Updated on January 13, 2015

The Final Result

My completed self portrait.
My completed self portrait. | Source


There are several supplies that you will need for sure and some that are just optional for this project. I will state the different options.

Needed Supplies:

  • 18"x18" paper (I used Bristol)
  • 1 Tube of black paint (I used 2 oz. Liquitex tubes)
  • 1 Tube of white paint (I used 2 oz. Liquitex tubes)
  • A paintbrush with soft bristles (I used a size 6 flat brush)
  • A pallet or something else you can use to mix paints on
  • Pencil\Eraser
  • Photograph of yourself or the person you are painting
  • Tracing paper

Optional Supplies:

  • A mixing stick or something else you can use other than a a paint brush to mix smooth shades
  • Extra paint brushes of different sizes (to make details easier)
  • Tape (To hold your paper in place or make edges easier to paint)
  • A light box

In progress.
In progress. | Source

Getting Started

To start with you will need to print out a clear black and white photograph of yourself or the person you are painting. I just printed one out on a piece of printer paper (the closer it is to filling the page without distortion the better). Tape some tracing paper over the top of the picture and trace just the main parts of the picture (including shadows). If you do not have a access to a light box just tape it to a well lit window like I did.

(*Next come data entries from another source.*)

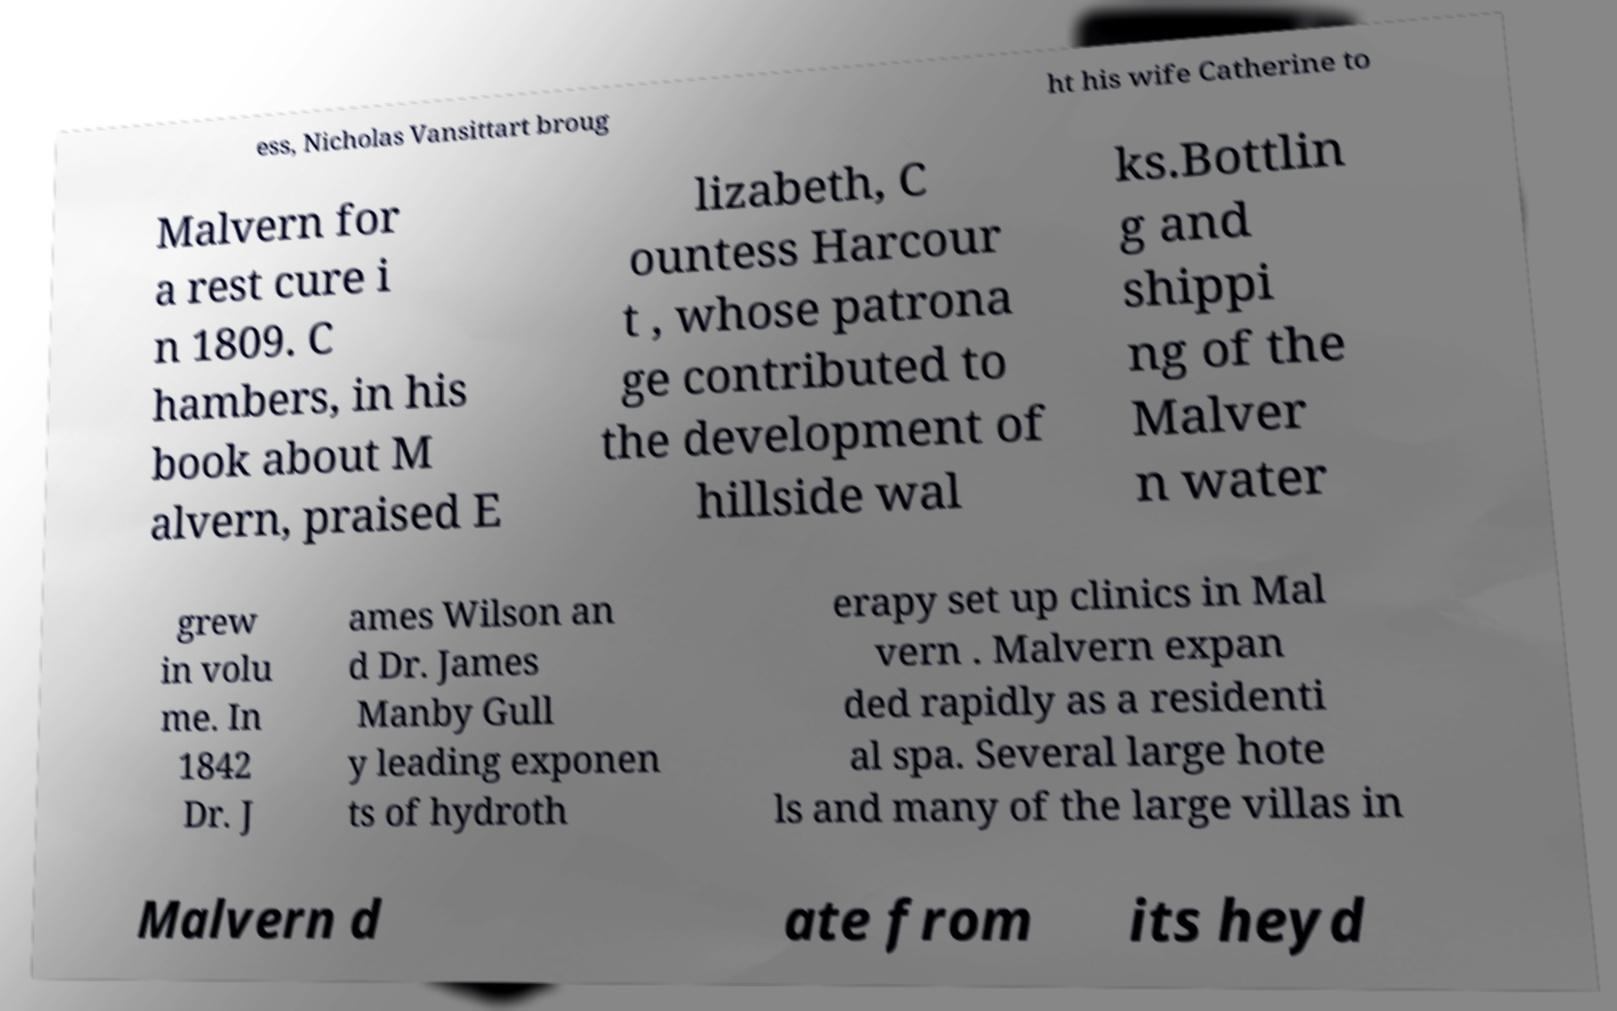Can you accurately transcribe the text from the provided image for me? ess, Nicholas Vansittart broug ht his wife Catherine to Malvern for a rest cure i n 1809. C hambers, in his book about M alvern, praised E lizabeth, C ountess Harcour t , whose patrona ge contributed to the development of hillside wal ks.Bottlin g and shippi ng of the Malver n water grew in volu me. In 1842 Dr. J ames Wilson an d Dr. James Manby Gull y leading exponen ts of hydroth erapy set up clinics in Mal vern . Malvern expan ded rapidly as a residenti al spa. Several large hote ls and many of the large villas in Malvern d ate from its heyd 
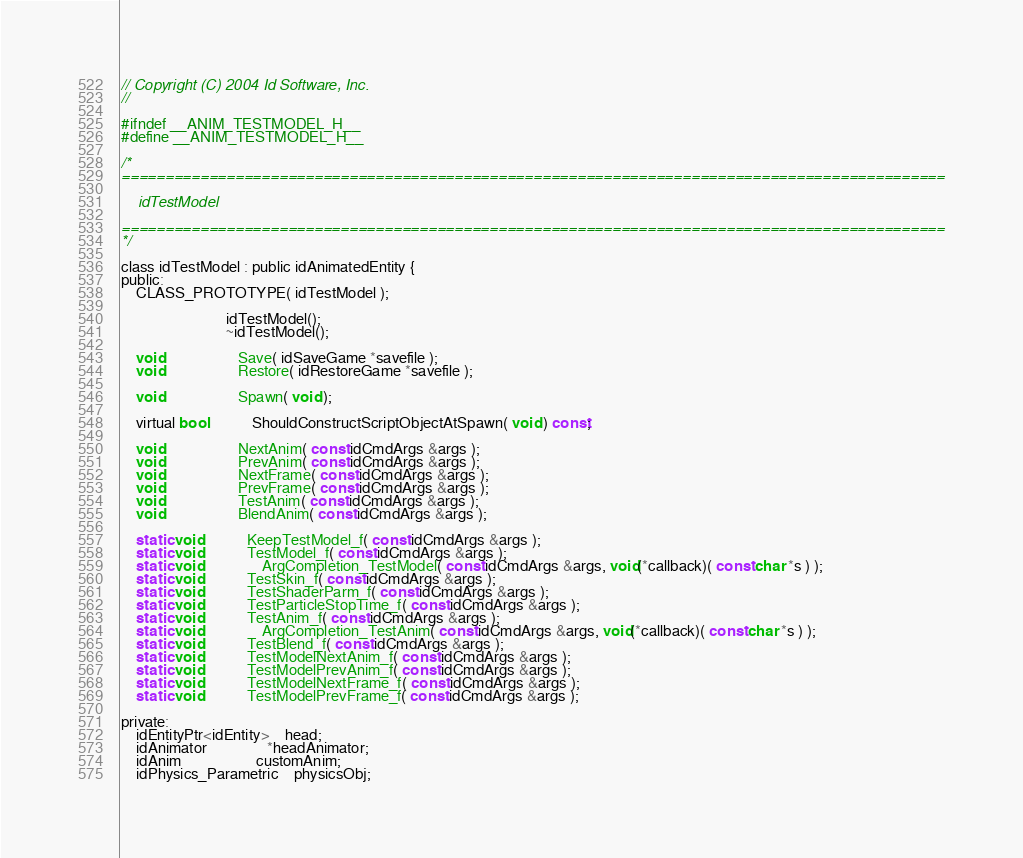Convert code to text. <code><loc_0><loc_0><loc_500><loc_500><_C_>// Copyright (C) 2004 Id Software, Inc.
//

#ifndef __ANIM_TESTMODEL_H__
#define __ANIM_TESTMODEL_H__

/*
==============================================================================================

	idTestModel

==============================================================================================
*/

class idTestModel : public idAnimatedEntity {
public:
	CLASS_PROTOTYPE( idTestModel );

							idTestModel();
							~idTestModel();

	void					Save( idSaveGame *savefile );
	void					Restore( idRestoreGame *savefile );

	void					Spawn( void );

	virtual bool			ShouldConstructScriptObjectAtSpawn( void ) const;

	void					NextAnim( const idCmdArgs &args );
	void					PrevAnim( const idCmdArgs &args );
	void					NextFrame( const idCmdArgs &args );
	void					PrevFrame( const idCmdArgs &args );
	void					TestAnim( const idCmdArgs &args );
	void					BlendAnim( const idCmdArgs &args );

	static void 			KeepTestModel_f( const idCmdArgs &args );
	static void 			TestModel_f( const idCmdArgs &args );
	static void				ArgCompletion_TestModel( const idCmdArgs &args, void(*callback)( const char *s ) );
	static void 			TestSkin_f( const idCmdArgs &args );
	static void 			TestShaderParm_f( const idCmdArgs &args );
	static void 			TestParticleStopTime_f( const idCmdArgs &args );
	static void 			TestAnim_f( const idCmdArgs &args );
	static void				ArgCompletion_TestAnim( const idCmdArgs &args, void(*callback)( const char *s ) );
	static void 			TestBlend_f( const idCmdArgs &args );
	static void 			TestModelNextAnim_f( const idCmdArgs &args );
	static void 			TestModelPrevAnim_f( const idCmdArgs &args );
	static void 			TestModelNextFrame_f( const idCmdArgs &args );
	static void 			TestModelPrevFrame_f( const idCmdArgs &args );

private:
	idEntityPtr<idEntity>	head;
	idAnimator				*headAnimator;
	idAnim					customAnim;
	idPhysics_Parametric	physicsObj;</code> 
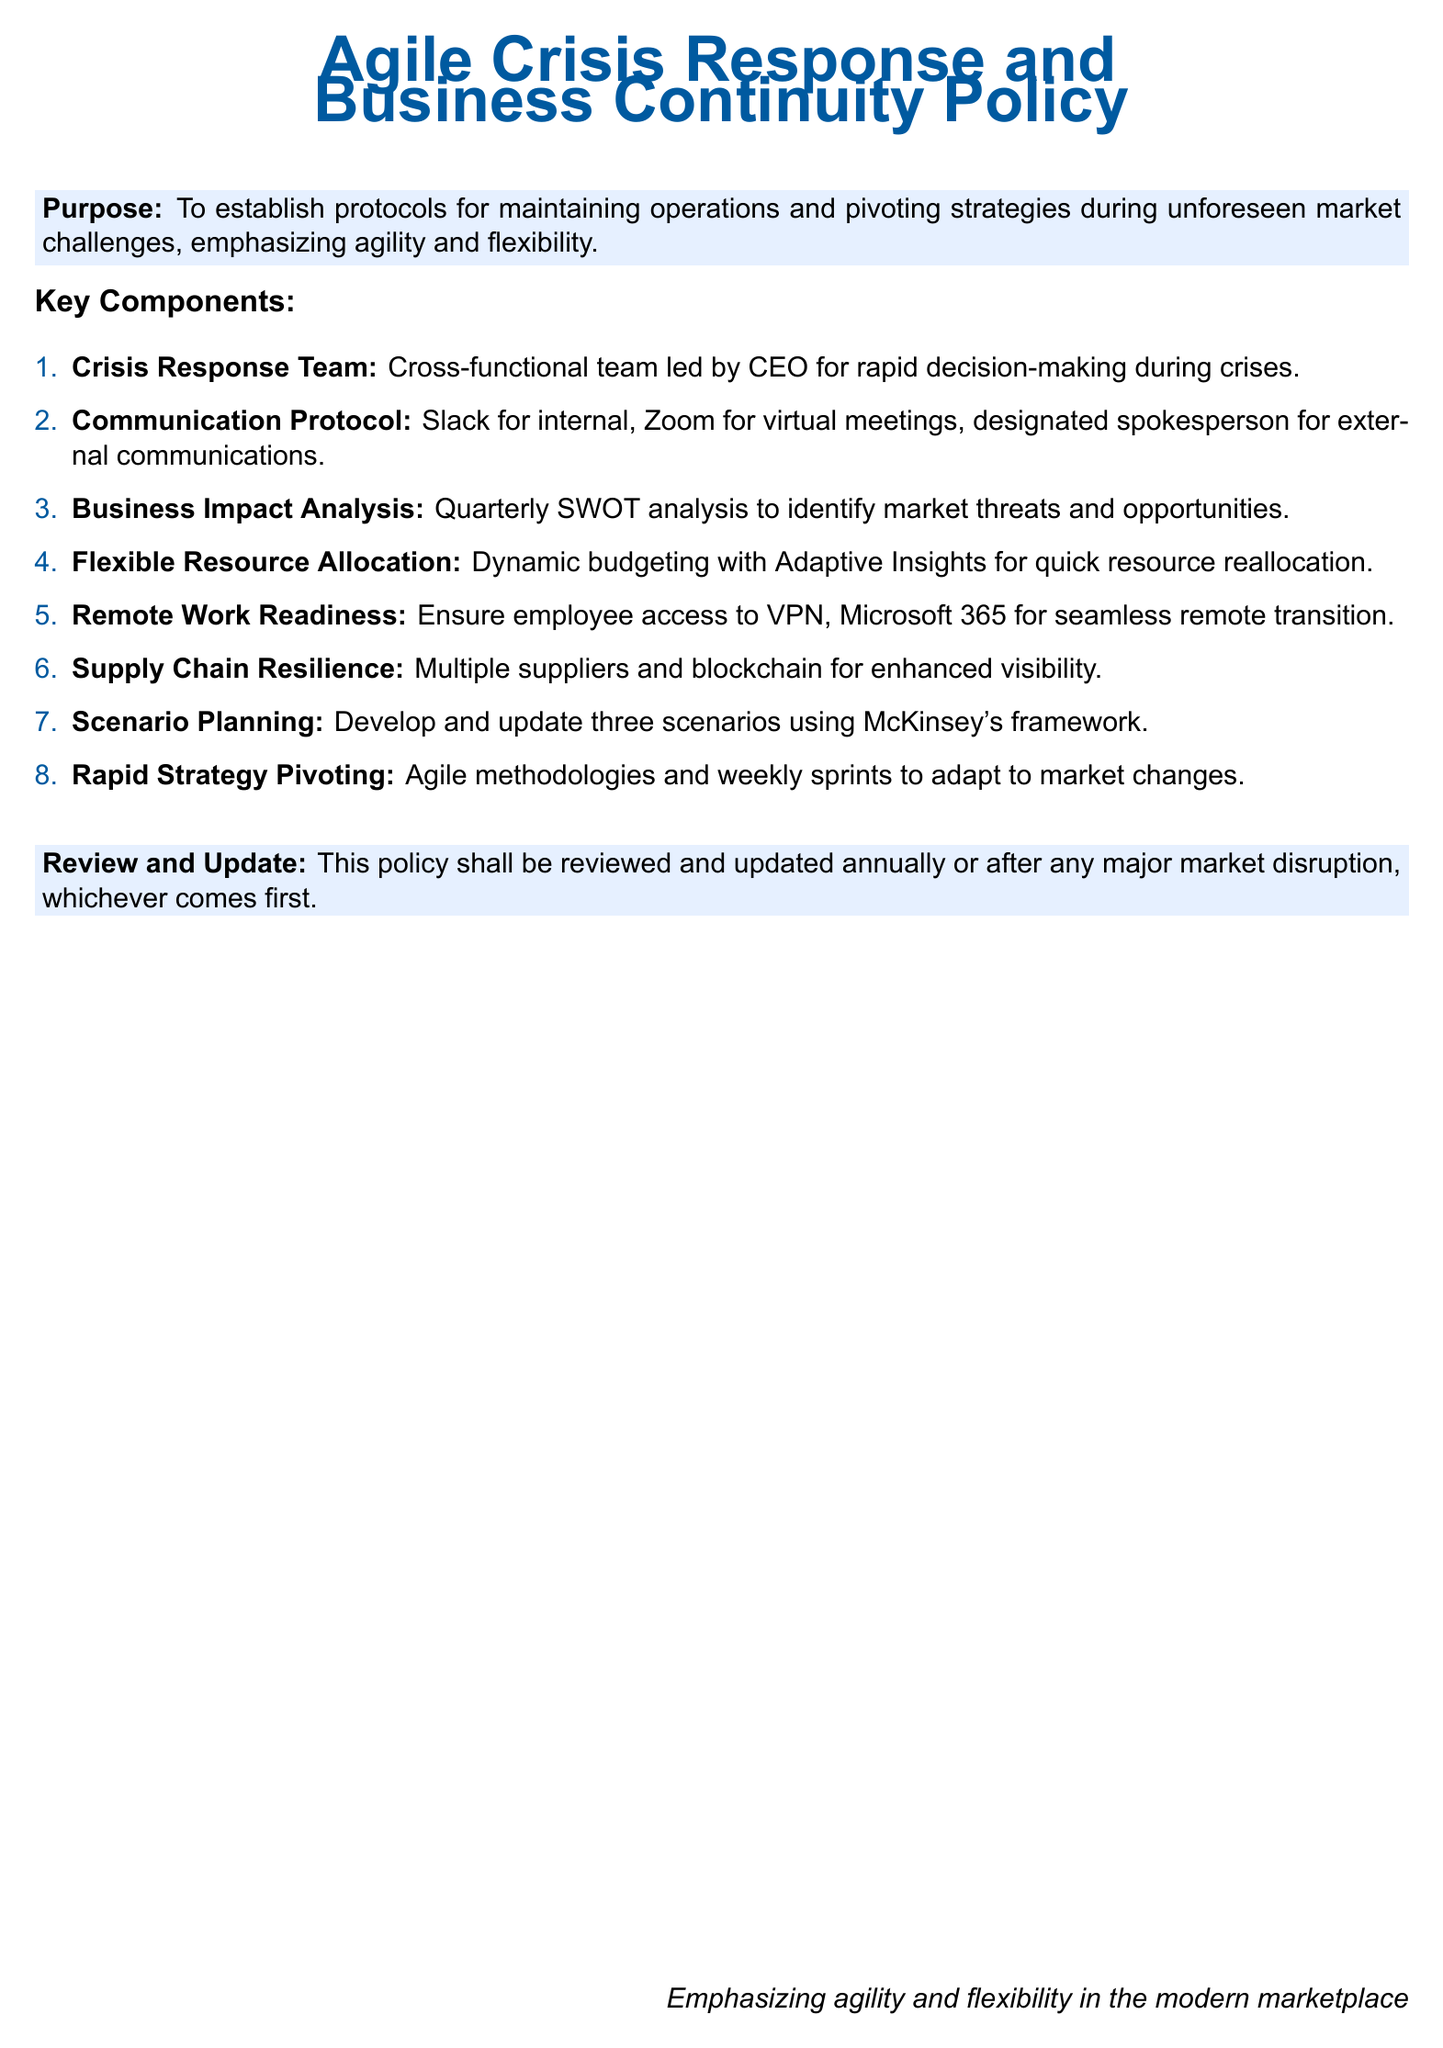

After I had my tracing I put a piece of clear projector paper over it and traced it in black marker. I then used the projector to shine the image on the wall. I taped up my 18"x18" paper and traced the image.

**I had access to a projector if you do not you can use the grid method or take it down to Kinko's to have them enlarge the image for you to transfer on the larger paper.

Do you think you want to try this project?

See results
In Progress.
In Progress. | Source

More Tips

  • It helped me to label the different areas before painting them so I did not mix them up. You can use numbers or letters. I used letters.
  • I used a cheap chopstick to stir my paints because I was not at home and had to improvise, it worked.
  • I would recommend not using your paint brush to stir the paints because the shade does not come out as even.
  • Improvise if you need to.


  • Using a close up picture with limited background is easier but you can use any picture that you would like.
  • It is easier to do this project in sections. I did one shade at a time then I would thoroughly wash out my brush and let it dry completely.
  • Wait for the brush to dry completely to make things easier.
  • I would recommend painting in a well lit area, natural light is better but I know that is not always an option.

The tracing paper.
The tracing paper. | Source

Where To Get Supplies

I got some of my supplies at my college bookstore but for the most part I bought them at craft stores like Michael's. These supplies can also be found on the internet like Amazon.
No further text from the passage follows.